What is being asked
What is needed is a word-for-word copy of the listing below, without pictures.

Information supplied
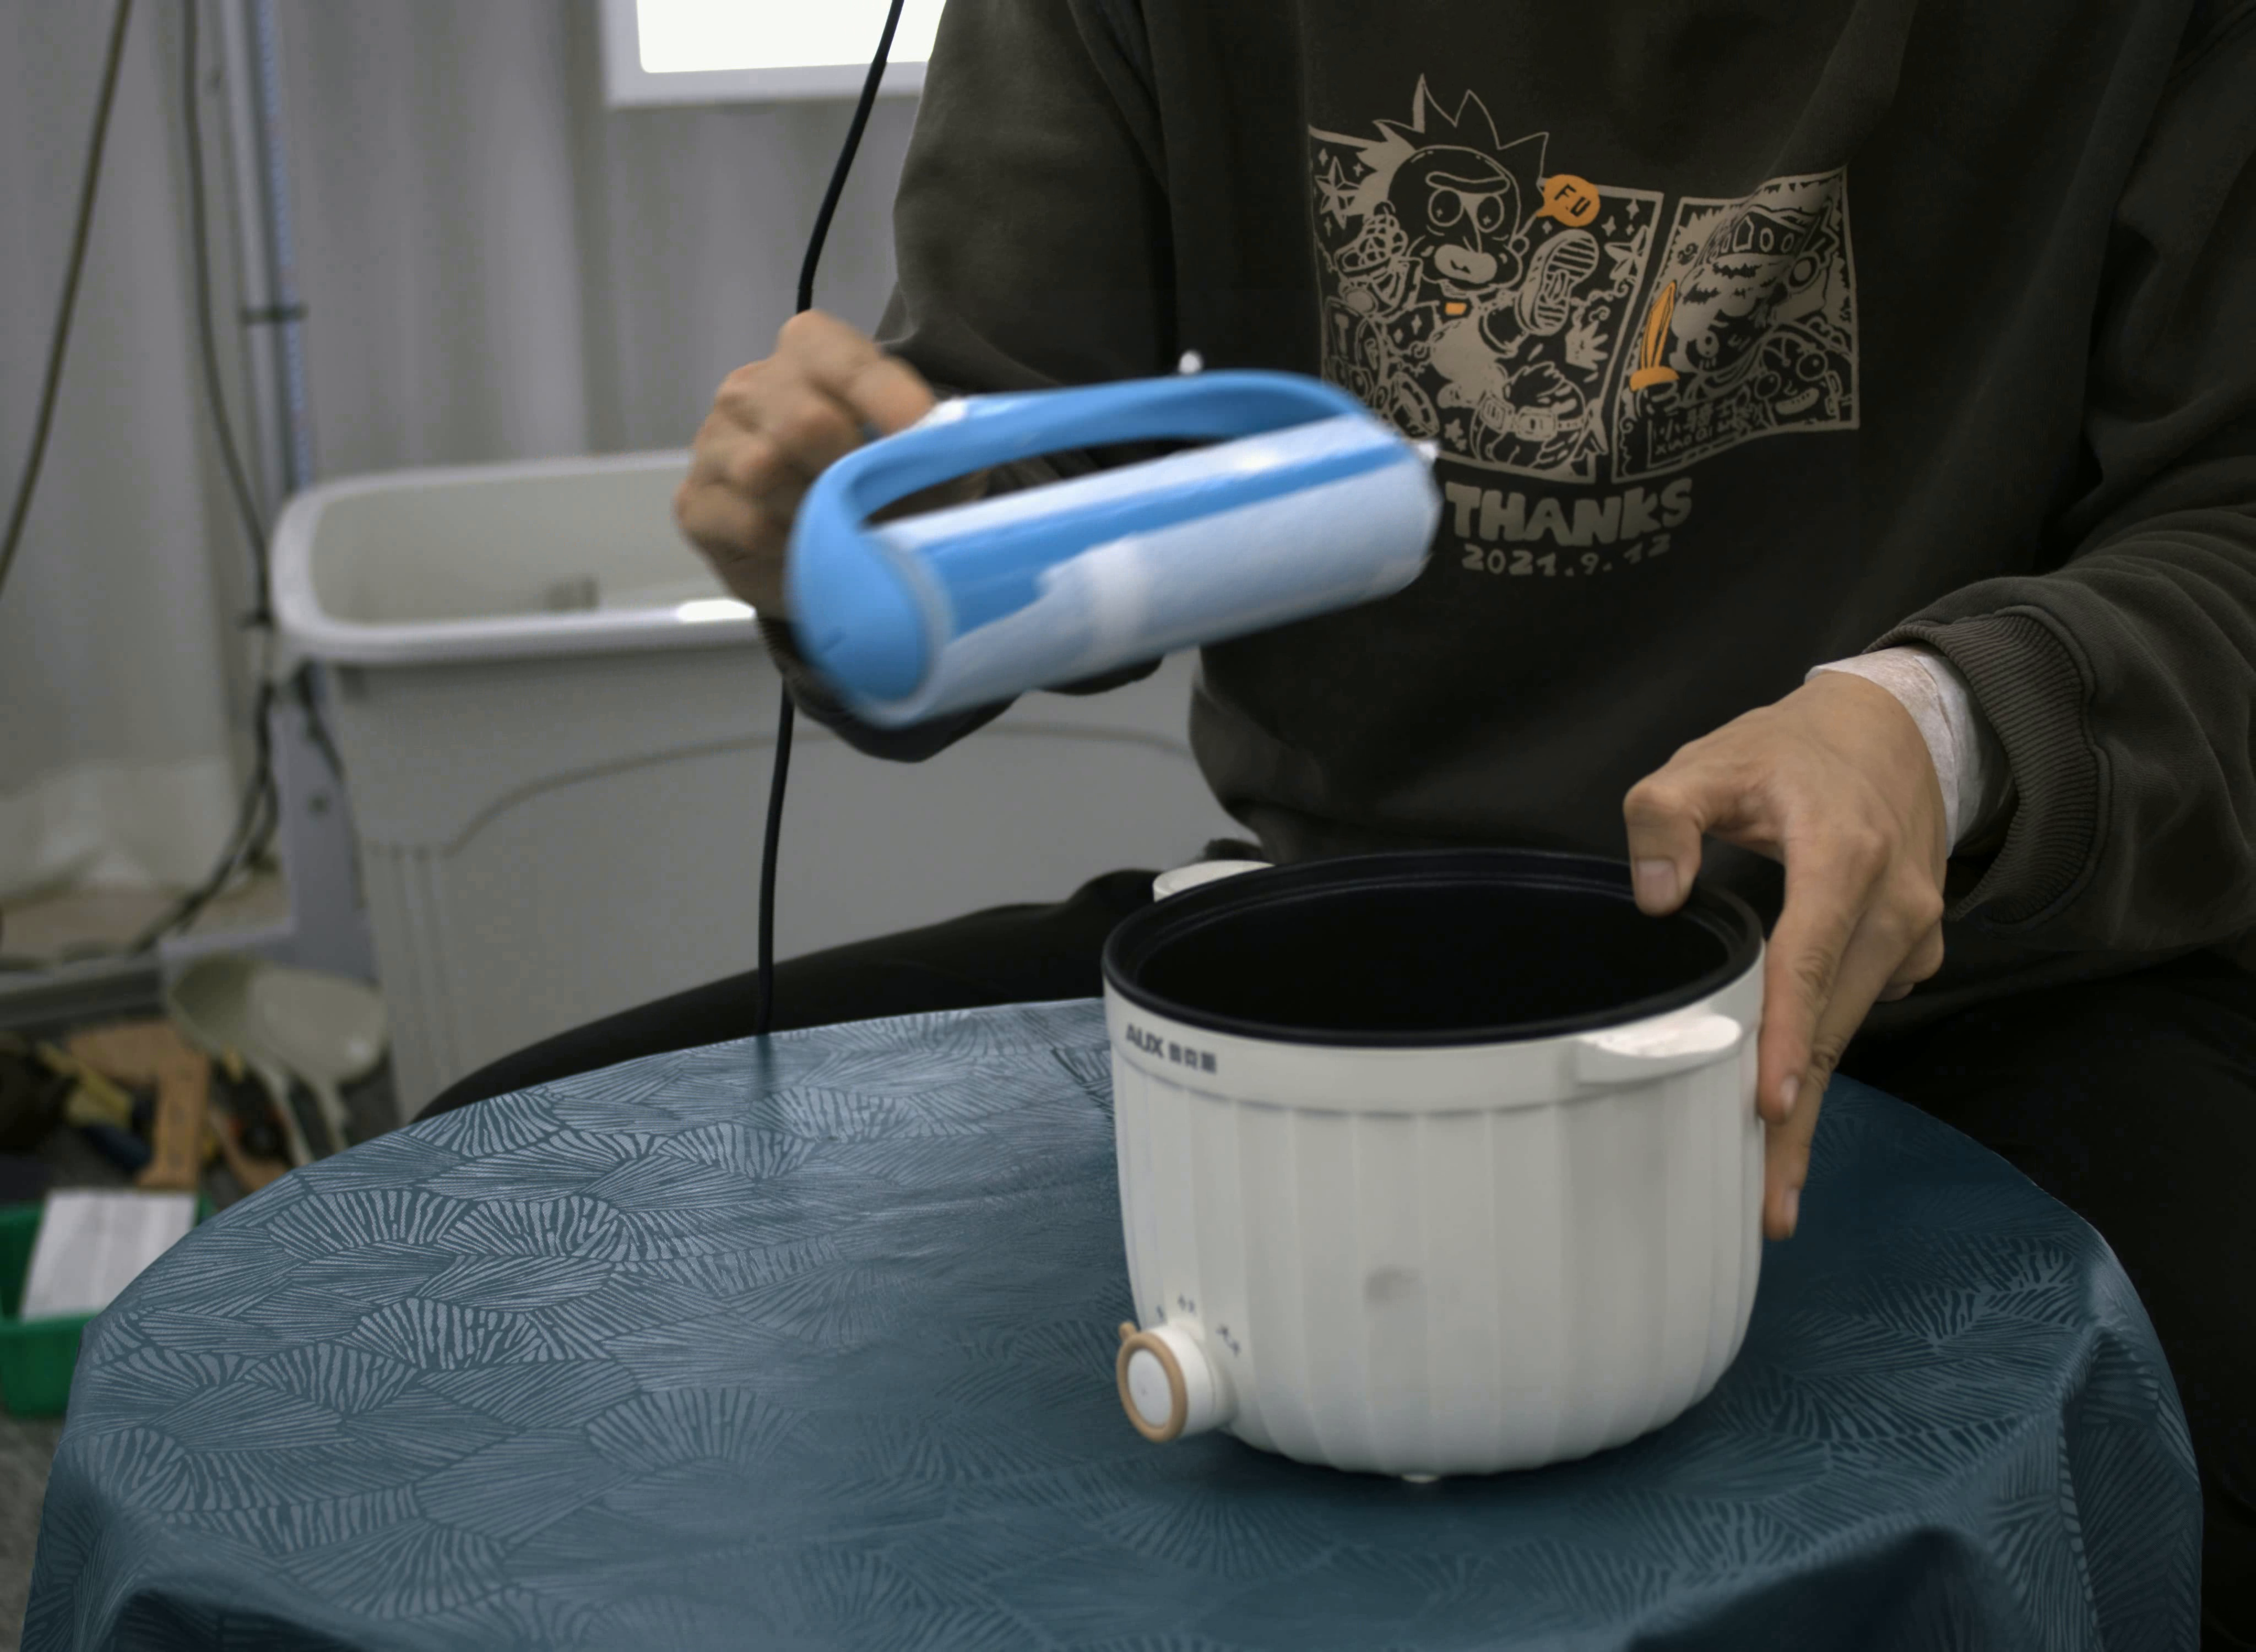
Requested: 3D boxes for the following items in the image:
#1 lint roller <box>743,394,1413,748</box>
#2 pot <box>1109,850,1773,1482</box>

Exercise output
Requested: 3D boxes for the following items in the image:
#1 lint roller <box>743,394,1413,748</box>
#2 pot <box>1109,850,1773,1482</box>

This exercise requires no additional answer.